## Assignment
From the line that includes "creating a new" to the closing line of the data, please transcribe every line exactly and add nothing.

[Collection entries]
______

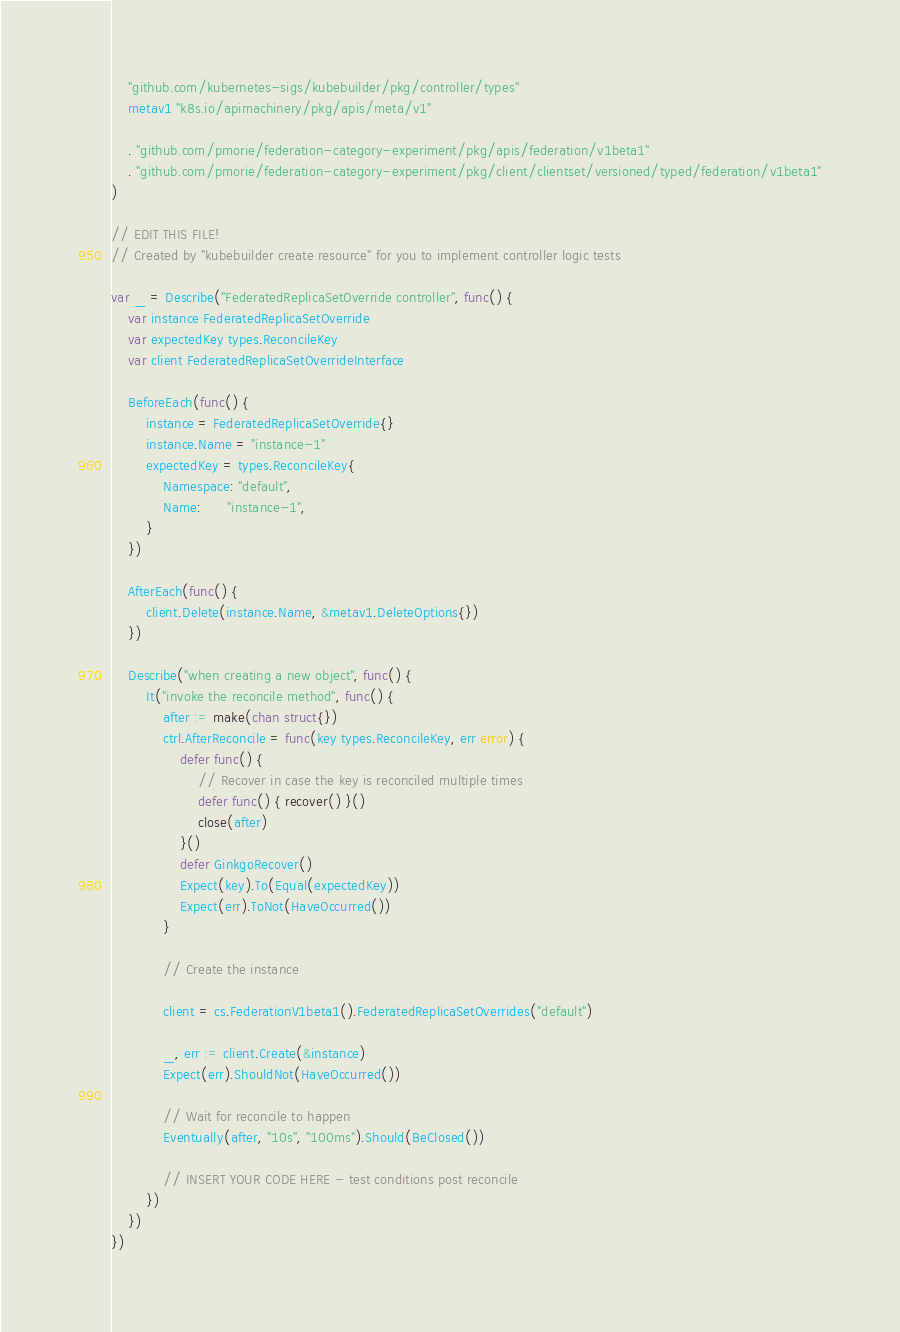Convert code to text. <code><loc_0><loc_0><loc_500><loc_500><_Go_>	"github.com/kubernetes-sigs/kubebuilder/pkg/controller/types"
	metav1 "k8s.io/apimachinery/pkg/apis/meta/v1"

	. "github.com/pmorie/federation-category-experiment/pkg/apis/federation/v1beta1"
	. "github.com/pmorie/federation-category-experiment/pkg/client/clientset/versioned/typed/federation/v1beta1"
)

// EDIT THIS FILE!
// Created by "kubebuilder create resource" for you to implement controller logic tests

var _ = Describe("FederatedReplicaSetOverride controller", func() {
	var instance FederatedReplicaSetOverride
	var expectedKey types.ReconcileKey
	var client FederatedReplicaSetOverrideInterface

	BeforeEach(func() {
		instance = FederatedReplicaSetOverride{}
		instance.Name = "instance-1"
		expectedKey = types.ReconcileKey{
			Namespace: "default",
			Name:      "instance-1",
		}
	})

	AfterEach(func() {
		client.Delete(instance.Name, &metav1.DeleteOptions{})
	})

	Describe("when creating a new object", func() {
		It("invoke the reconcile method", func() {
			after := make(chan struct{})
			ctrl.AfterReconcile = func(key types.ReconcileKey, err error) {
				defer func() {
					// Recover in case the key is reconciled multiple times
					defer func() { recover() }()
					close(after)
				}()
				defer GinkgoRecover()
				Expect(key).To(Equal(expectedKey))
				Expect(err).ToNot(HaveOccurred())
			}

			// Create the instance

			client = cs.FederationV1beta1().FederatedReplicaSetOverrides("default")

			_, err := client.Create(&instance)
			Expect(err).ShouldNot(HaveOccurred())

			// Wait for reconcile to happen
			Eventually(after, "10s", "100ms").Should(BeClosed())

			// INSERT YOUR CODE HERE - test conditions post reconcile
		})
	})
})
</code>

______

## Your response
	Describe("when creating a new object", func() {
		It("invoke the reconcile method", func() {
			after := make(chan struct{})
			ctrl.AfterReconcile = func(key types.ReconcileKey, err error) {
				defer func() {
					// Recover in case the key is reconciled multiple times
					defer func() { recover() }()
					close(after)
				}()
				defer GinkgoRecover()
				Expect(key).To(Equal(expectedKey))
				Expect(err).ToNot(HaveOccurred())
			}

			// Create the instance

			client = cs.FederationV1beta1().FederatedReplicaSetOverrides("default")

			_, err := client.Create(&instance)
			Expect(err).ShouldNot(HaveOccurred())

			// Wait for reconcile to happen
			Eventually(after, "10s", "100ms").Should(BeClosed())

			// INSERT YOUR CODE HERE - test conditions post reconcile
		})
	})
})
</code>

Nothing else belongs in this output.